Bliskość z biskupem (posłuszeństwo)

Przez długi czas, mówi Franciszek, był on błędnie interpretowany jako posłuszeństwo. "Być posłusznym, w tym przypadku biskupowi, znaczy". -mówi następca Piotra. "ucząc się słuchać i pamiętając, że nikt nie może twierdzić, że jest posiadaczem woli Bożej i że należy ją zrozumieć tylko poprzez rozeznanie. Posłuszeństwo jest więc słuchaniem woli Bożej, która jest rozeznawana właśnie w więzi".. Pozwala to uniknąć wycofania się w głąb siebie i prowadzenia "kawalerskiego" życia z towarzyszącymi mu maniami. 

Kapłan musi zatem "obrona połączeń z biskupem i z Kościołem partykularnym. Powinien modlić się za biskupa i wyrażać swoje zdanie z szacunkiem, odwagą i szczerością. Ten "Wymaga to również od biskupów pokory, słuchania, samokrytyki i pozwolenia na to, by sobie pomóc"..

Bliskość między księżmi (braterstwo kapłańskie)

Braterstwo kapłańskie, podkreślił Papież, ma za fundament Chrystusa (por.
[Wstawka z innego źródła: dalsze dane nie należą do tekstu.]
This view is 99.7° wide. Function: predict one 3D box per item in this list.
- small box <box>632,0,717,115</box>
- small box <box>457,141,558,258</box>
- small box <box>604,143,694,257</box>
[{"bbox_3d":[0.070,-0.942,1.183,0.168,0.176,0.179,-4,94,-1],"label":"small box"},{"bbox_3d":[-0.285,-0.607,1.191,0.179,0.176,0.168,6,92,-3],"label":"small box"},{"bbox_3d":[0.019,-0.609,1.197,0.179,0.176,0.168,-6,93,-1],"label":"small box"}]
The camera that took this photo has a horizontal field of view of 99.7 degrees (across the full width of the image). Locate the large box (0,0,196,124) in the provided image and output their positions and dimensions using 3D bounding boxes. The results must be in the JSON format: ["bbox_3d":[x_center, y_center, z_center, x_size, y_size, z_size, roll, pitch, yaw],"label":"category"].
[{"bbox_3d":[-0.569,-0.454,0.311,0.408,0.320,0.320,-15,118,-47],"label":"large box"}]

Mt 18, 20). "Braterstwo to świadomy wybór, by starać się być świętym z innymi, a nie w samotności, świętym z innymi".. Cechą charakterystyczną braterstwa jest miłość (por. 1 Kor 13), której przewodniczy cierpliwość i zdolność do radowania się i cierpienia z innymi. W ten sposób zwalcza się obojętność, izolację, a nawet zazdrość. zastraszanie kapłańskie, rancour i plotki. 

Miłość braterska jest jak "obóz treningowy dla ducha i termometr życia duchowego (por. J 13, 35). Prowadzi do życia misją, do otwarcia się i poczucia, że jest się u siebie, do strzeżenia i ochrony siebie nawzajem. W ten sposób celibat jest przeżywany ze spokojem, jako dar dla uświęcenia, dar, który wymaga zdrowych relacji. "Bez przyjaciół i modlitwy celibat może stać się nieznośnym ciężarem i antyświadectwem samego piękna kapłaństwa"..
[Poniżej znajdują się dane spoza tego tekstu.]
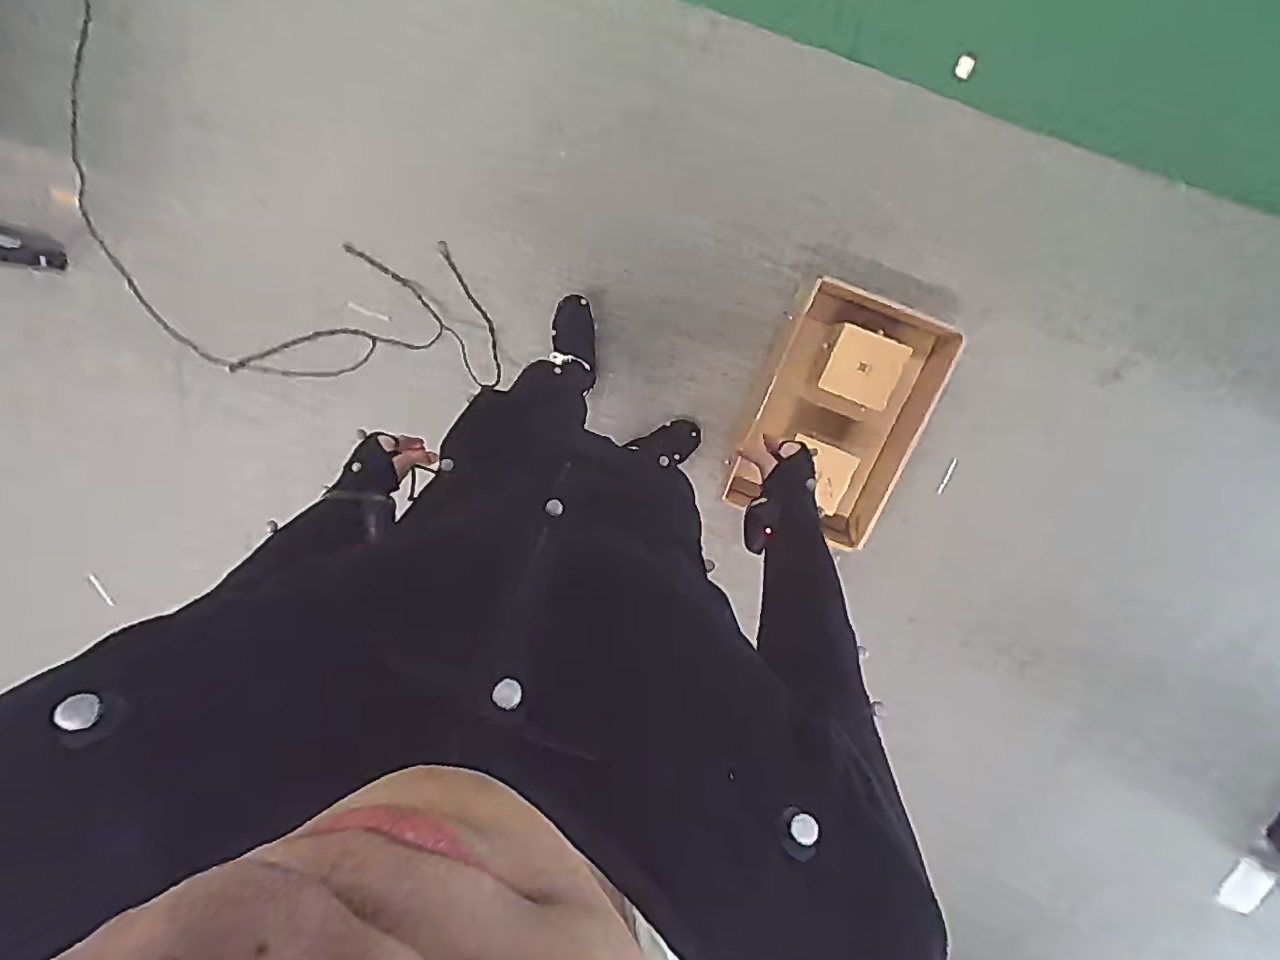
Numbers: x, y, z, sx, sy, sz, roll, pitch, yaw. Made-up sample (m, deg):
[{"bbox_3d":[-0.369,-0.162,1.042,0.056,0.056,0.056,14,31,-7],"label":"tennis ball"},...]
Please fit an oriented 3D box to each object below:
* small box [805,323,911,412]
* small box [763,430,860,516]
[{"bbox_3d":[0.546,-0.287,1.385,0.179,0.176,0.168,21,104,-1],"label":"small box"},{"bbox_3d":[0.447,-0.026,1.447,0.179,0.176,0.168,23,103,-1],"label":"small box"}]
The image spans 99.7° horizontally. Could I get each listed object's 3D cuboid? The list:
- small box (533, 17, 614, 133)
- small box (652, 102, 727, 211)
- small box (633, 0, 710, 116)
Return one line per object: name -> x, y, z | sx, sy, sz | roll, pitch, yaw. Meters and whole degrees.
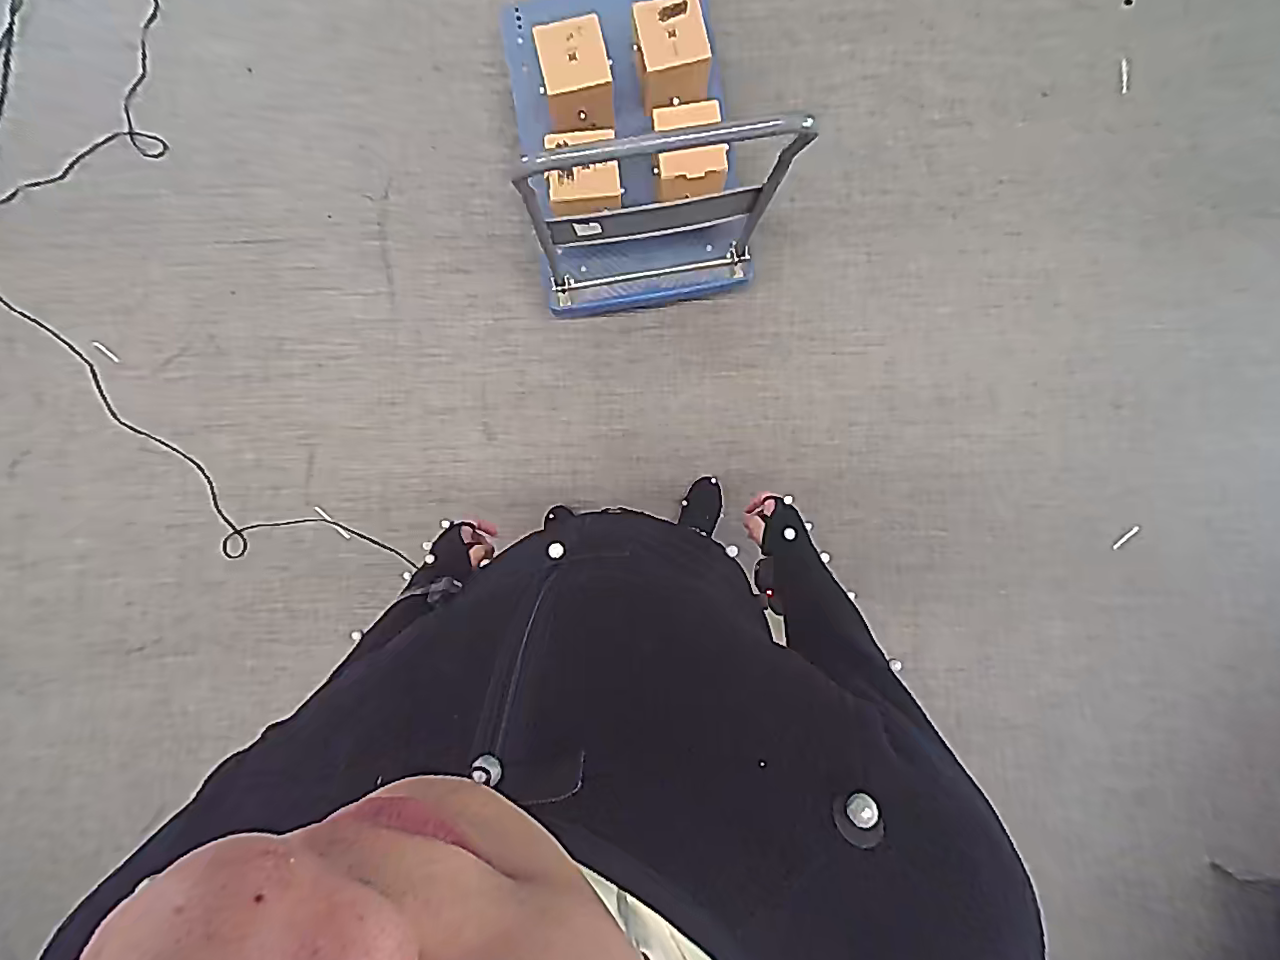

Bliskość z ludem Bożym (pasja pasterza)

W tym celu papież odwołuje się do Lumen gentium 8 i 12. Jest to, jak zaznacza, nie obowiązek, lecz łaska (por. Evangelii gaudium, 268-273). Misja kapłańska zakłada jednocześnie "pasja dla Jezusa i pasja dla jego ludzi".Pośród trudności, zranień, "sieroctwa", w które obfituje nasze społeczeństwo "sieci". Nie jako urzędnicy, ale jako odważni pasterze, bliscy i kontemplujący, aby móc "głosić na ranach świata operatywną moc Zmartwychwstania".

Zapomnienie, że życie kapłańskie należy się innym - zauważa Franciszek - leży u podstaw klerykalizm i jego konsekwencje. "Klerykalizm jest perwersją, a także jedna z jego oznak, sztywność, jest inną perwersją".. Co ciekawe, klerykalizm zbudowany jest nie na bliskości, ale na odległości. I jest to związane z "Klerykalizacja świeckich".zapominając o własnej misji. 
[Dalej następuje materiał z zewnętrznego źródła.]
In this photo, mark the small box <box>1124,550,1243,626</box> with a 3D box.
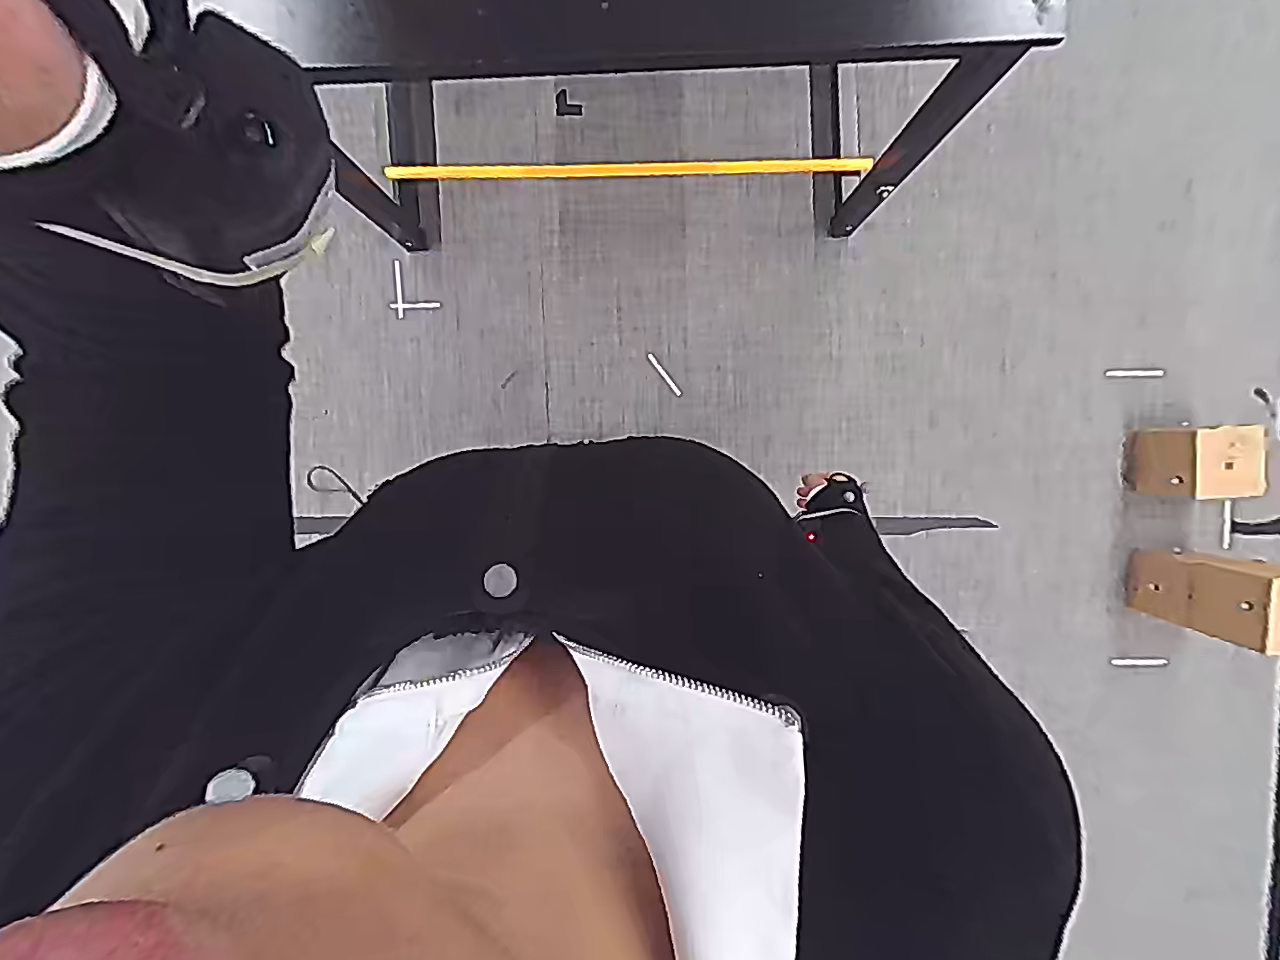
[{"bbox_3d":[1.434,0.282,1.423,0.179,0.176,0.168,1,94,1],"label":"small box"}]

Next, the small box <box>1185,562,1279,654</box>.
[{"bbox_3d":[1.433,0.289,1.258,0.168,0.176,0.179,-1,95,0],"label":"small box"}]

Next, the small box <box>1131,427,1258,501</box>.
[{"bbox_3d":[1.421,-0.046,1.397,0.168,0.176,0.179,-4,94,0],"label":"small box"}]

Dbając o te cztery obszary, konkluduje papież, kapłan może lepiej identyfikować się z kapłańskie serce Chrystusa, pozwolić się nawiedzić i przemienić przez Niego.

Biuletyn informacyjny La Brújula Zostaw nam swój e-mail i otrzymuj co tydzień najnowsze wiadomości z katolickim punktem widzenia.